MATERIAL PROVIDED:
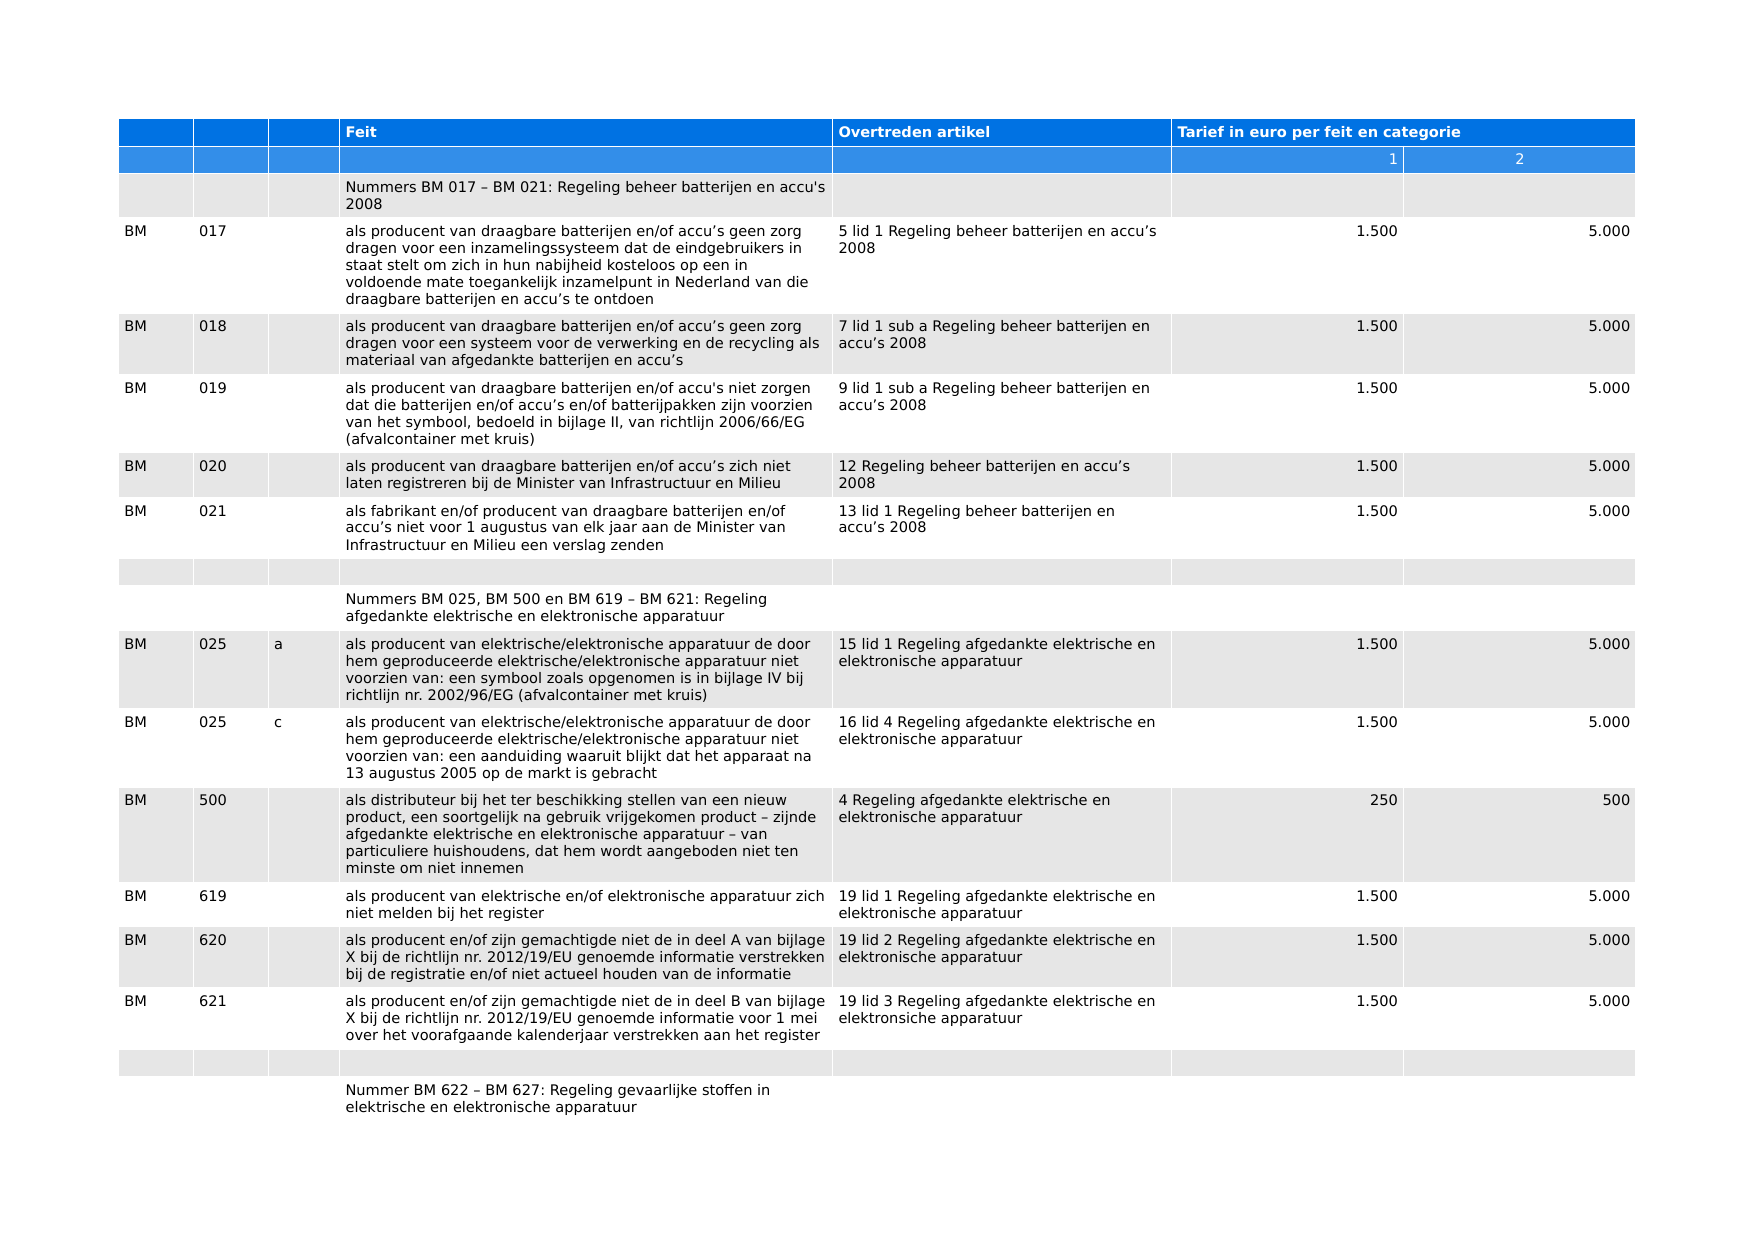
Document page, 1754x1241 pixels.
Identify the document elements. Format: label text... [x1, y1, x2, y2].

table_cell 5.000 [1404, 218, 1635, 313]
table_cell als fabrikant en/of producent van draagbare batterijen en/of accu’s niet voor 1 augustus van elk jaar aan de Minister van Infrastructuur en Milieu een verslag zenden [340, 498, 832, 558]
table_cell 15 lid 1 Regeling afgedankte elektrische en elektronische apparatuur [833, 631, 1171, 708]
table_header [269, 119, 339, 146]
table_cell [269, 1077, 339, 1121]
table_cell als producent van draagbare batterijen en/of accu’s zich niet laten registreren bij de Minister van Infrastructuur en Milieu [340, 453, 832, 497]
table_cell BM [119, 927, 193, 987]
table_cell [269, 375, 339, 452]
table_cell [194, 1077, 268, 1121]
table_cell 500 [194, 788, 268, 882]
table_cell [269, 989, 339, 1049]
table_cell 1.500 [1172, 218, 1403, 313]
table_cell 025 [194, 631, 268, 708]
table_cell als producent van elektrische/elektronische apparatuur de door hem geproduceerde elektrische/elektronische apparatuur niet voorzien van: een aanduiding waaruit blijkt dat het apparaat na 13 augustus 2005 op de markt is gebracht [340, 709, 832, 786]
table_cell als producent van draagbare batterijen en/of accu's niet zorgen dat die batterijen en/of accu’s en/of batterijpakken zijn voorzien van het symbool, bedoeld in bijlage II, van richtlijn 2006/66/EG (afvalcontainer met kruis) [340, 375, 832, 452]
table_cell [1404, 1077, 1635, 1121]
table_cell 025 [194, 709, 268, 786]
table_header [194, 119, 268, 146]
table_cell 5.000 [1404, 631, 1635, 708]
table_cell 5.000 [1404, 989, 1635, 1049]
table_cell 5.000 [1404, 709, 1635, 786]
table_cell [119, 1050, 193, 1076]
table_cell [269, 453, 339, 497]
table_cell 12 Regeling beheer batterijen en accu’s 2008 [833, 453, 1171, 497]
table_cell 1.500 [1172, 883, 1403, 926]
table_cell [119, 147, 193, 173]
table_cell BM [119, 709, 193, 786]
table_cell 1.500 [1172, 453, 1403, 497]
table_cell 5 lid 1 Regeling beheer batterijen en accu’s 2008 [833, 218, 1171, 313]
table_cell [269, 788, 339, 882]
table_cell 5.000 [1404, 927, 1635, 987]
table_cell [194, 147, 268, 173]
table_cell a [269, 631, 339, 708]
table_cell Nummers BM 025, BM 500 en BM 619 – BM 621: Regeling afgedankte elektrische en elektronische apparatuur [340, 586, 832, 630]
table_cell BM [119, 631, 193, 708]
table_header [119, 119, 193, 146]
table_cell [1172, 174, 1403, 217]
table_cell als producent en/of zijn gemachtigde niet de in deel B van bijlage X bij de richtlijn nr. 2012/19/EU genoemde informatie voor 1 mei over het voorafgaande kalenderjaar verstrekken aan het register [340, 989, 832, 1049]
table_cell Nummers BM 017 – BM 021: Regeling beheer batterijen en accu's 2008 [340, 174, 832, 217]
table_cell 16 lid 4 Regeling afgedankte elektrische en elektronische apparatuur [833, 709, 1171, 786]
table_cell 018 [194, 314, 268, 374]
table_cell BM [119, 218, 193, 313]
table_cell als producent van elektrische/elektronische apparatuur de door hem geproduceerde elektrische/elektronische apparatuur niet voorzien van: een symbool zoals opgenomen is in bijlage IV bij richtlijn nr. 2002/96/EG (afvalcontainer met kruis) [340, 631, 832, 708]
table_cell 9 lid 1 sub a Regeling beheer batterijen en accu’s 2008 [833, 375, 1171, 452]
table_cell [833, 586, 1171, 630]
table_cell 5.000 [1404, 883, 1635, 926]
table_header Feit [340, 119, 832, 146]
table_cell als producent van draagbare batterijen en/of accu’s geen zorg dragen voor een systeem voor de verwerking en de recycling als materiaal van afgedankte batterijen en accu’s [340, 314, 832, 374]
table_cell [1172, 586, 1403, 630]
table_cell 1.500 [1172, 375, 1403, 452]
table_cell 250 [1172, 788, 1403, 882]
table_cell [1172, 1050, 1403, 1076]
table_cell [833, 174, 1171, 217]
table_cell 7 lid 1 sub a Regeling beheer batterijen en accu’s 2008 [833, 314, 1171, 374]
table_cell 19 lid 1 Regeling afgedankte elektrische en elektronische apparatuur [833, 883, 1171, 926]
table_cell [833, 1077, 1171, 1121]
table_header Overtreden artikel [833, 119, 1171, 146]
table_cell BM [119, 375, 193, 452]
table_cell 1.500 [1172, 314, 1403, 374]
table_cell [119, 559, 193, 585]
table_cell BM [119, 788, 193, 882]
table_cell [194, 174, 268, 217]
table_cell BM [119, 314, 193, 374]
table_cell 620 [194, 927, 268, 987]
table_cell [833, 147, 1171, 173]
table_cell als producent van draagbare batterijen en/of accu’s geen zorg dragen voor een inzamelingssysteem dat de eindgebruikers in staat stelt om zich in hun nabijheid kosteloos op een in voldoende mate toegankelijk inzamelpunt in Nederland van die draagbare batterijen en accu’s te ontdoen [340, 218, 832, 313]
table_cell 020 [194, 453, 268, 497]
table_cell BM [119, 453, 193, 497]
table_cell [119, 586, 193, 630]
table_cell [269, 559, 339, 585]
table_cell [833, 559, 1171, 585]
table_cell [119, 174, 193, 217]
table_cell [340, 147, 832, 173]
table_cell [340, 1050, 832, 1076]
table_cell 1.500 [1172, 498, 1403, 558]
table_cell 021 [194, 498, 268, 558]
table_cell 5.000 [1404, 375, 1635, 452]
table_cell c [269, 709, 339, 786]
table_cell [1404, 174, 1635, 217]
table_cell 5.000 [1404, 498, 1635, 558]
table_cell 1.500 [1172, 631, 1403, 708]
table_header Tarief in euro per feit en categorie [1172, 119, 1635, 146]
table_cell [194, 559, 268, 585]
table_cell [269, 1050, 339, 1076]
table_cell [119, 1077, 193, 1121]
table_cell [1404, 1050, 1635, 1076]
table_cell BM [119, 498, 193, 558]
table_cell [194, 586, 268, 630]
table_cell [269, 883, 339, 926]
table_cell als producent van elektrische en/of elektronische apparatuur zich niet melden bij het register [340, 883, 832, 926]
table_cell 5.000 [1404, 314, 1635, 374]
table_cell [269, 498, 339, 558]
table_cell 1.500 [1172, 989, 1403, 1049]
table_cell BM [119, 883, 193, 926]
table_cell 13 lid 1 Regeling beheer batterijen en accu’s 2008 [833, 498, 1171, 558]
table_cell 019 [194, 375, 268, 452]
table_cell 19 lid 3 Regeling afgedankte elektrische en elektronsiche apparatuur [833, 989, 1171, 1049]
table_cell 621 [194, 989, 268, 1049]
table_cell 1.500 [1172, 709, 1403, 786]
table_cell 4 Regeling afgedankte elektrische en elektronische apparatuur [833, 788, 1171, 882]
table_cell [269, 314, 339, 374]
table_cell [1172, 1077, 1403, 1121]
table_cell 2 [1404, 147, 1635, 173]
table_cell [269, 174, 339, 217]
table_cell [269, 218, 339, 313]
table_cell 19 lid 2 Regeling afgedankte elektrische en elektronische apparatuur [833, 927, 1171, 987]
table_cell [340, 559, 832, 585]
table_cell 619 [194, 883, 268, 926]
table_cell 1 [1172, 147, 1403, 173]
table_cell [194, 1050, 268, 1076]
table_cell 1.500 [1172, 927, 1403, 987]
table_cell [1172, 559, 1403, 585]
table_cell 017 [194, 218, 268, 313]
table_cell [833, 1050, 1171, 1076]
table_cell [269, 927, 339, 987]
table_cell BM [119, 989, 193, 1049]
table_cell als producent en/of zijn gemachtigde niet de in deel A van bijlage X bij de richtlijn nr. 2012/19/EU genoemde informatie verstrekken bij de registratie en/of niet actueel houden van de informatie [340, 927, 832, 987]
table_cell 500 [1404, 788, 1635, 882]
table_cell Nummer BM 622 – BM 627: Regeling gevaarlijke stoffen in elektrische en elektronische apparatuur [340, 1077, 832, 1121]
table_cell 5.000 [1404, 453, 1635, 497]
table_cell [269, 586, 339, 630]
table_cell als distributeur bij het ter beschikking stellen van een nieuw product, een soortgelijk na gebruik vrijgekomen product – zijnde afgedankte elektrische en elektronische apparatuur – van particuliere huishoudens, dat hem wordt aangeboden niet ten minste om niet innemen [340, 788, 832, 882]
table_cell [1404, 586, 1635, 630]
table_cell [269, 147, 339, 173]
table_cell [1404, 559, 1635, 585]

PROBLEM TO SOLVE: Say again, word for word, the lines beginning at the top of the data and ending with the line that has "709, 832, 786]". Skip the pictures.

WRITTEN ANSWER:
Document page, 1754x1241 pixels.
Identify the document elements. Format: label text... [x1, y1, x2, y2].

table_cell 5.000 [1404, 218, 1635, 313]
table_cell als fabrikant en/of producent van draagbare batterijen en/of accu’s niet voor 1 augustus van elk jaar aan de Minister van Infrastructuur en Milieu een verslag zenden [340, 498, 832, 558]
table_cell 15 lid 1 Regeling afgedankte elektrische en elektronische apparatuur [833, 631, 1171, 708]
table_header [269, 119, 339, 146]
table_cell [269, 1077, 339, 1121]
table_cell als producent van draagbare batterijen en/of accu’s zich niet laten registreren bij de Minister van Infrastructuur en Milieu [340, 453, 832, 497]
table_cell BM [119, 927, 193, 987]
table_cell [269, 375, 339, 452]
table_cell [194, 1077, 268, 1121]
table_cell 500 [194, 788, 268, 882]
table_cell [269, 989, 339, 1049]
table_cell 1.500 [1172, 218, 1403, 313]
table_cell 025 [194, 631, 268, 708]
table_cell als producent van elektrische/elektronische apparatuur de door hem geproduceerde elektrische/elektronische apparatuur niet voorzien van: een aanduiding waaruit blijkt dat het apparaat na 13 augustus 2005 op de markt is gebracht [340, 709, 832, 786]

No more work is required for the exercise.